The crucial step was to examine the MariaDB error log. By running a command like tail /var/log/mariadb/mariadb.log
, I found the specific cause:
[ERROR] InnoDB: Operating system error number 13 in a file operation.
[ERROR] InnoDB: The error means mysqld does not have the access rights to the directory.
[ERROR] InnoDB: Cannot open datafile './ibtmp1'
[ERROR] Plugin 'InnoDB' registration as a STORAGE ENGINE failed.
This confirmed that the MariaDB daemon, which runs as the mysql
user, did not have the necessary permissions to access its data directory, typically /var/lib/mysql
. The mysqld
process was denied access to create a temporary file, which caused the InnoDB storage engine to fail, and consequently, the entire service aborted.
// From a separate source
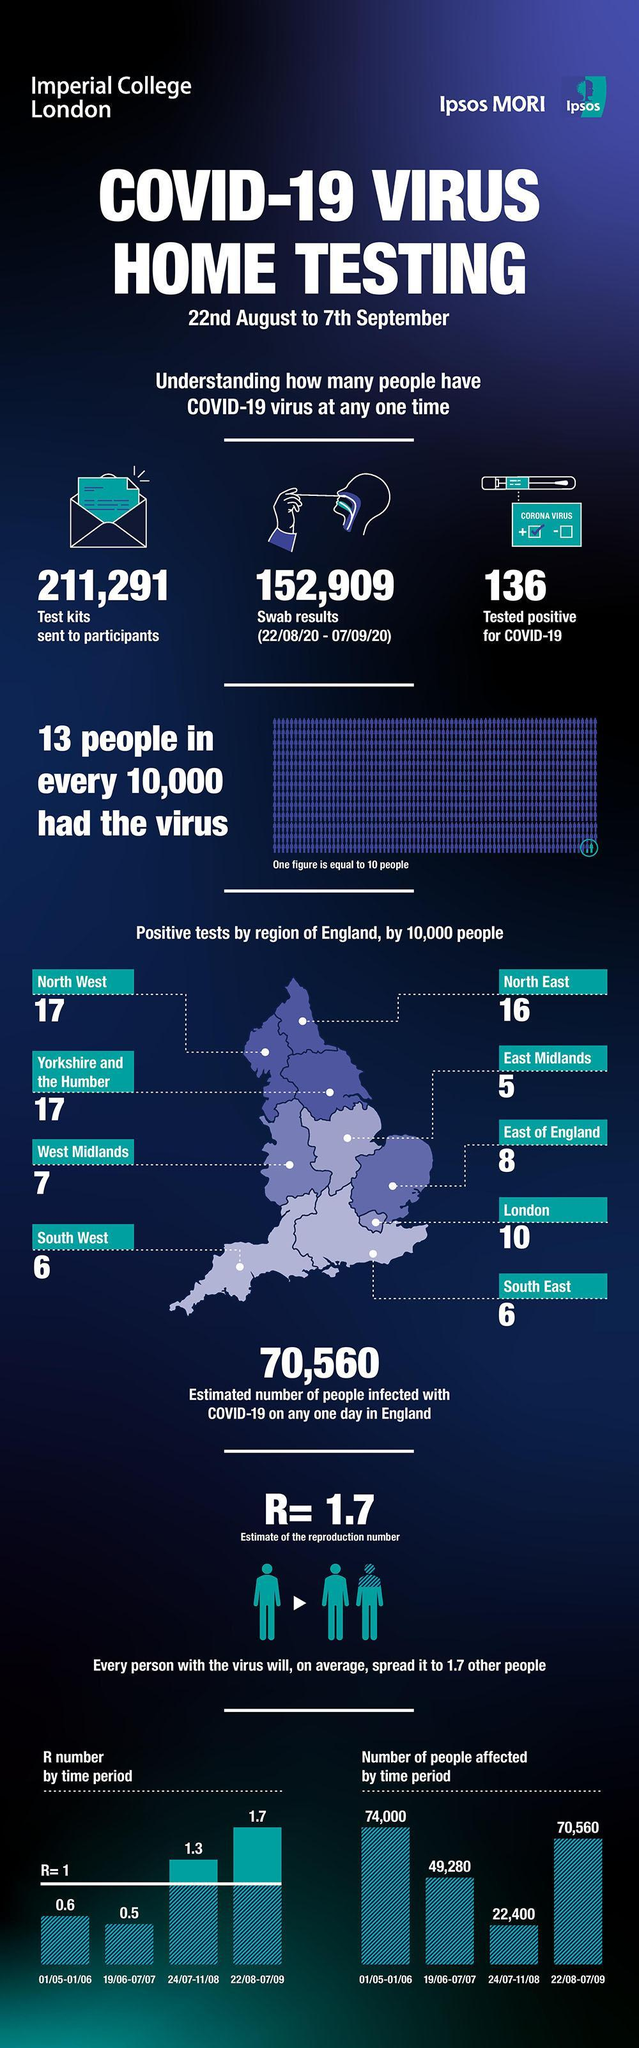How many people were affected between July 24th and August 11th?
Answer the question with a short phrase. 22,400 Besides North West, which other region in England has 17 positive tests? Yorkshire and the Humber Which region of England has 5 positive cases ? East Midlands How many tested positive ? 136 How many positive tests in South West? 6 How many swab results between 22 Aug and 7 Sep? 152,909 How many home testing kits were sent to participants? 211,291 How many positive tests in North West and North East combined? 33 Which region of England has 10 positive tests as per the graphic? London In which region of England were positive tests higher - North East or North West? North West

I then verified the ownership of the /var/lib/mysql
directory using ls -ld /var/lib/mysql
. The output showed that the directory was incorrectly owned by root
, not mysql
.
drwxr-xr-x 1 root mysql 4096 Aug 12 05:48 /var/lib/mysql
To resolve the issue, I used the chown
command to recursively change the ownership of the directory to the mysql
user and group:
sudo chown -R mysql:mysql /var/lib/mysql
After running this command, which grants the mysql
user full access to its data files, I successfully started the MariaDB service: sudo systemctl start mariadb
This case highlights the importance of checking application-specific logs in addition to system logs when troubleshooting service failures. While systemd provides general status information, the application's own logs often contain the detailed error messages needed to pinpoint the exact problem, especially with permissions-related issues.